**Entries shown:**
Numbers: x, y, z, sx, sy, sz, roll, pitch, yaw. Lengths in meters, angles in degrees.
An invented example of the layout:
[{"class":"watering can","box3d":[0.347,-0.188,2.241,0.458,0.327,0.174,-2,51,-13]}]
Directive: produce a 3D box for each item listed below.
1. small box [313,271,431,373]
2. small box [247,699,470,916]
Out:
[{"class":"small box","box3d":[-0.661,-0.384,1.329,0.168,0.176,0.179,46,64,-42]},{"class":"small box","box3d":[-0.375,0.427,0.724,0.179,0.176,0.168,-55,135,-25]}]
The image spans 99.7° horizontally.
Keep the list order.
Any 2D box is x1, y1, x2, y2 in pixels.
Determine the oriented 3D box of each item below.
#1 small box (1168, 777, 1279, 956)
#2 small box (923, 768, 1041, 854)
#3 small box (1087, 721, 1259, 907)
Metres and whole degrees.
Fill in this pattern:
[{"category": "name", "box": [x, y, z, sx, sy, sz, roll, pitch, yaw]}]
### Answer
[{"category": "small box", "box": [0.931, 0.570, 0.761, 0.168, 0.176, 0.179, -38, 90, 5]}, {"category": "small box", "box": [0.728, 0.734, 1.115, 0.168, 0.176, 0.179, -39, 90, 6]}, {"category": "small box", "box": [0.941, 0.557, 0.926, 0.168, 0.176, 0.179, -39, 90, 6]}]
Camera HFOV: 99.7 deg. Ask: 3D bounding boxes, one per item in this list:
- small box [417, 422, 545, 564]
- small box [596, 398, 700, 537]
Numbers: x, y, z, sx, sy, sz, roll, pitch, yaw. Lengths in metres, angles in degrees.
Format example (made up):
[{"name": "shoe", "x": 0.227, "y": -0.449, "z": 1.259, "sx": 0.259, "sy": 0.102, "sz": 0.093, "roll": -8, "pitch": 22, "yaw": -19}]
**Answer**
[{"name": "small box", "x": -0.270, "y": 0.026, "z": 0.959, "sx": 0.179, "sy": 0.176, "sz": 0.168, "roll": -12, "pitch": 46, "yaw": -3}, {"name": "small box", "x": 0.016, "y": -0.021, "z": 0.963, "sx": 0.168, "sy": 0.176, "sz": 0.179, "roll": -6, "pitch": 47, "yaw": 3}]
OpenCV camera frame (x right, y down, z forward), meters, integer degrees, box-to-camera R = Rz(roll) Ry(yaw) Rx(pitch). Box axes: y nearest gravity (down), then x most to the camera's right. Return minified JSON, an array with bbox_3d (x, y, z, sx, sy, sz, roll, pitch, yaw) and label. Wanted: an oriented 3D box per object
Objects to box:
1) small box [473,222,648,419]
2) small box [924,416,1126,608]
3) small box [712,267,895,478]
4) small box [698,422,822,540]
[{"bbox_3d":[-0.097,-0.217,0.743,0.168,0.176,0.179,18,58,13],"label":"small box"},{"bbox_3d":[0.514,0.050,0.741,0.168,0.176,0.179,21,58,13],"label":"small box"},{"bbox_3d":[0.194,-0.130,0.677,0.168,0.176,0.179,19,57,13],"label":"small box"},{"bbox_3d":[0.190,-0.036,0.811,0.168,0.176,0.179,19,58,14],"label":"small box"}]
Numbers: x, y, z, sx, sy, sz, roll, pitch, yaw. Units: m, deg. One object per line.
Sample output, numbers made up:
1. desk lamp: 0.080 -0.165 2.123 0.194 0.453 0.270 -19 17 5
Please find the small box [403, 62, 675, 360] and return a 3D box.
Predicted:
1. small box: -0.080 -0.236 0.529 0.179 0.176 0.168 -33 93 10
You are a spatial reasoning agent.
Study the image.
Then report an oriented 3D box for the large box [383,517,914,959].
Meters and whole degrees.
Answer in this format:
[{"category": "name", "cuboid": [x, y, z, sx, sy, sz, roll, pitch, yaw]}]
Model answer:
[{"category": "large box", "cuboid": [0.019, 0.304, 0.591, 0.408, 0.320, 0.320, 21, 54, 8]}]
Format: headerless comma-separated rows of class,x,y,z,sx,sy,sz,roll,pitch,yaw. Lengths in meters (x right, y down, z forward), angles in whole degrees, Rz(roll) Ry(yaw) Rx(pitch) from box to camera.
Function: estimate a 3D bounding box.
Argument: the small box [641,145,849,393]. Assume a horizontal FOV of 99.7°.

**Activity:** Write out each line exactly, starting with the line that contains "Then report an" and stopping after the last line of the data.

**Task result:**
Then report an oriented 3D box for the large box [383,517,914,959].
Meters and whole degrees.
Answer in this format:
[{"category": "name", "cuboid": [x, y, z, sx, sy, sz, roll, pitch, yaw]}]
Model answer:
[{"category": "large box", "cuboid": [0.019, 0.304, 0.591, 0.408, 0.320, 0.320, 21, 54, 8]}]
Format: headerless comma-separated rows of class,x,y,z,sx,sy,sz,roll,pitch,yaw. Lengths in meters (x right, y down, z forward), angles in whole degrees, Rz(roll) Ry(yaw) Rx(pitch) from box to camera.
Function: estimate a 3D bounding box.
Argument: the small box [641,145,849,393]. Assume a horizontal FOV of 99.7°.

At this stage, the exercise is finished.